- _Task objective_:
Retype the entries below exactly, but begin at the line containing "Apply the previous 3D box detection to a new class: lemon." and end at the last line.

- _Exercise data_:
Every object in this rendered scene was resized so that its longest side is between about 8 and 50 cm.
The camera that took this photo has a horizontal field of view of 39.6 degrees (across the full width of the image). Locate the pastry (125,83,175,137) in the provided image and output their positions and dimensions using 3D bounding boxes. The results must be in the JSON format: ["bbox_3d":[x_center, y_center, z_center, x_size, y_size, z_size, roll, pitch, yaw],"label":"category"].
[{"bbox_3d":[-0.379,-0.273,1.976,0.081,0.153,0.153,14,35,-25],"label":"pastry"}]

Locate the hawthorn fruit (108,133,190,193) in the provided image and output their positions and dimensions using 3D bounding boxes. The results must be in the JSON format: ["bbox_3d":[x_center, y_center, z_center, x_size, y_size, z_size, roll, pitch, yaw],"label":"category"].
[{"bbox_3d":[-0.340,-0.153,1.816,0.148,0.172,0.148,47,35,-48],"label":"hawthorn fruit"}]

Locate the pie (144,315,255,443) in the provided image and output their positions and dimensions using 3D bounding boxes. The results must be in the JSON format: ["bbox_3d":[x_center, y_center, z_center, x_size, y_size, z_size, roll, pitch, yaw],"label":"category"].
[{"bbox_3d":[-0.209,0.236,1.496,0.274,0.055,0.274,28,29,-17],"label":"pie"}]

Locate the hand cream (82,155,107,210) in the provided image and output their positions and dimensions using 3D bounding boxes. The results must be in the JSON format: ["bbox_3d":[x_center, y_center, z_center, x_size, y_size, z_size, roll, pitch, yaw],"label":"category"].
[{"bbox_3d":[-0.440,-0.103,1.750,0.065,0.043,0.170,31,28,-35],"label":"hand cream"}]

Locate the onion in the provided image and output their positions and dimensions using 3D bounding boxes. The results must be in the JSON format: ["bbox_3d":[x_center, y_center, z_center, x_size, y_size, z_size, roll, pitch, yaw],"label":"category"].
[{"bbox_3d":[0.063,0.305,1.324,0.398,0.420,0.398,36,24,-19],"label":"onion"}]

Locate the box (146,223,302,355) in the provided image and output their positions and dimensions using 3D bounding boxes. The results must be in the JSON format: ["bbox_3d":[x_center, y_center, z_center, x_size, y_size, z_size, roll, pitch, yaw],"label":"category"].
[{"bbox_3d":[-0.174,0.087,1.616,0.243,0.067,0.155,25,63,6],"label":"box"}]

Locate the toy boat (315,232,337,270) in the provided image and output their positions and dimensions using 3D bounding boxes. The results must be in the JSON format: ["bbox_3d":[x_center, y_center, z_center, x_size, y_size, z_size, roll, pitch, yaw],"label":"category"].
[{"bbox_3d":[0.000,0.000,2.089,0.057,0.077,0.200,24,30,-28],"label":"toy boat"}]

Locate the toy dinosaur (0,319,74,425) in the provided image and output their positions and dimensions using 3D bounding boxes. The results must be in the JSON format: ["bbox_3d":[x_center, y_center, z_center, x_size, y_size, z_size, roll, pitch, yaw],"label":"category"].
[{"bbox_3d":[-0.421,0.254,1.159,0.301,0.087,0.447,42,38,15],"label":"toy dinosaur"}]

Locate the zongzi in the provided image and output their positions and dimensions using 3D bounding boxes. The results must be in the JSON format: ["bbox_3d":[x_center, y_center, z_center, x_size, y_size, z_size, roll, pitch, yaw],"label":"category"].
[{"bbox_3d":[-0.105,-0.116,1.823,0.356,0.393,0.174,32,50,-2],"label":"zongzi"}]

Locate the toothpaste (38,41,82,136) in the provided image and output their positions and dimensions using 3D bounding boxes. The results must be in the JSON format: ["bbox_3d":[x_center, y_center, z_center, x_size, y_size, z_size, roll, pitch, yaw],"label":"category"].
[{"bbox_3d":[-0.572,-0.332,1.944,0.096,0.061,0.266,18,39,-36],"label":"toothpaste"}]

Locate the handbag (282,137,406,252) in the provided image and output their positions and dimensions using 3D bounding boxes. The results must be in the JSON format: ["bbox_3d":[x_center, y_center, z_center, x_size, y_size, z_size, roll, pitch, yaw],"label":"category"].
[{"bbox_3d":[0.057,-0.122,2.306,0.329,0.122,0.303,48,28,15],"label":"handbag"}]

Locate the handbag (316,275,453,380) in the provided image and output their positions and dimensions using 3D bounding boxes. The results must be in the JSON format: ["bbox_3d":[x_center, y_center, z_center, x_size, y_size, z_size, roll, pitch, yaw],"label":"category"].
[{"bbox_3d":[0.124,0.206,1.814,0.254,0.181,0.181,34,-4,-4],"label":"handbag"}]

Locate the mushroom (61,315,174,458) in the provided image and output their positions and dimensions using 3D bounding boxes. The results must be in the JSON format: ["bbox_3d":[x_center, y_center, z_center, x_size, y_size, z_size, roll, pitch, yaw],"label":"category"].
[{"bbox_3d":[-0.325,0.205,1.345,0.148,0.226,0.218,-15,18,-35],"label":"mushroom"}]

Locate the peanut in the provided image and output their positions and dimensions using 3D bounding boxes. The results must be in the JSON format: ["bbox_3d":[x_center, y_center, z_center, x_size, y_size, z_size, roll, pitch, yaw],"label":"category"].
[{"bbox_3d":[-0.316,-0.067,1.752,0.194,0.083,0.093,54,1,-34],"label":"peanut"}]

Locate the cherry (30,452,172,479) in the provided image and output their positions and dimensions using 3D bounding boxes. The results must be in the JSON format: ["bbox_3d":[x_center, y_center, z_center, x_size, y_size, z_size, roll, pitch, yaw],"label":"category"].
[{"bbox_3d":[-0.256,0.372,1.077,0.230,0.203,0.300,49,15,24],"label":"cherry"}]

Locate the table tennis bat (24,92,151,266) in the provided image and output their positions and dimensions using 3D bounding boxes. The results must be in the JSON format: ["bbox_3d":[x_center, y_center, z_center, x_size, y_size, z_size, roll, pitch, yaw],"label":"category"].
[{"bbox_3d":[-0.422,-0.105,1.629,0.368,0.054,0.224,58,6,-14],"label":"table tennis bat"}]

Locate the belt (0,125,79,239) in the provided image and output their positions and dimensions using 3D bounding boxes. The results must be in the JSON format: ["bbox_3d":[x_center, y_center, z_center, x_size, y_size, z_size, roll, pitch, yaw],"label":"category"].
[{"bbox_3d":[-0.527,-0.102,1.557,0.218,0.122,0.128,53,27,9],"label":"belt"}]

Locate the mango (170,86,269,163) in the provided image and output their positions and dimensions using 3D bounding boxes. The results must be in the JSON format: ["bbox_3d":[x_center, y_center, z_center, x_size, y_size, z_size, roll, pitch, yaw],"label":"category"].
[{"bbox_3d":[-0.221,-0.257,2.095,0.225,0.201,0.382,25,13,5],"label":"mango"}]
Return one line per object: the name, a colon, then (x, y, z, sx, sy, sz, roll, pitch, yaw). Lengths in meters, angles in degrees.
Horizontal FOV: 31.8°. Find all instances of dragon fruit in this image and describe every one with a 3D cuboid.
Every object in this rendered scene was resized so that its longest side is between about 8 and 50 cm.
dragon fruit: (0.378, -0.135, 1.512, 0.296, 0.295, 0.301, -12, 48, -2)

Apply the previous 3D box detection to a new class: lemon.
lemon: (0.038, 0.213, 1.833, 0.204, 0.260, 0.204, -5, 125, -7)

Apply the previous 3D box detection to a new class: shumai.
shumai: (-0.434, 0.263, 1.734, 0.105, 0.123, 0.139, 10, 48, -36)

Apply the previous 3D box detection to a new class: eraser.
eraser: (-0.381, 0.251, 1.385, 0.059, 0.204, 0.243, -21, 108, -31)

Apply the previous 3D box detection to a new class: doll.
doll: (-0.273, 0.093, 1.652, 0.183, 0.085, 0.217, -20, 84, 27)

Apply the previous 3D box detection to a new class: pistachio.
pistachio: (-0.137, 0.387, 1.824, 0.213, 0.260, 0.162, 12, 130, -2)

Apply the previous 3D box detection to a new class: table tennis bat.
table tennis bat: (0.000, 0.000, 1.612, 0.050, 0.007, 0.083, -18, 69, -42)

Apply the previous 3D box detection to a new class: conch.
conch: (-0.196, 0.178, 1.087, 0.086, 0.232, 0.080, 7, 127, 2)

- _Written answer_:
Apply the previous 3D box detection to a new class: lemon.
lemon: (0.038, 0.213, 1.833, 0.204, 0.260, 0.204, -5, 125, -7)

Apply the previous 3D box detection to a new class: shumai.
shumai: (-0.434, 0.263, 1.734, 0.105, 0.123, 0.139, 10, 48, -36)

Apply the previous 3D box detection to a new class: eraser.
eraser: (-0.381, 0.251, 1.385, 0.059, 0.204, 0.243, -21, 108, -31)

Apply the previous 3D box detection to a new class: doll.
doll: (-0.273, 0.093, 1.652, 0.183, 0.085, 0.217, -20, 84, 27)

Apply the previous 3D box detection to a new class: pistachio.
pistachio: (-0.137, 0.387, 1.824, 0.213, 0.260, 0.162, 12, 130, -2)

Apply the previous 3D box detection to a new class: table tennis bat.
table tennis bat: (0.000, 0.000, 1.612, 0.050, 0.007, 0.083, -18, 69, -42)

Apply the previous 3D box detection to a new class: conch.
conch: (-0.196, 0.178, 1.087, 0.086, 0.232, 0.080, 7, 127, 2)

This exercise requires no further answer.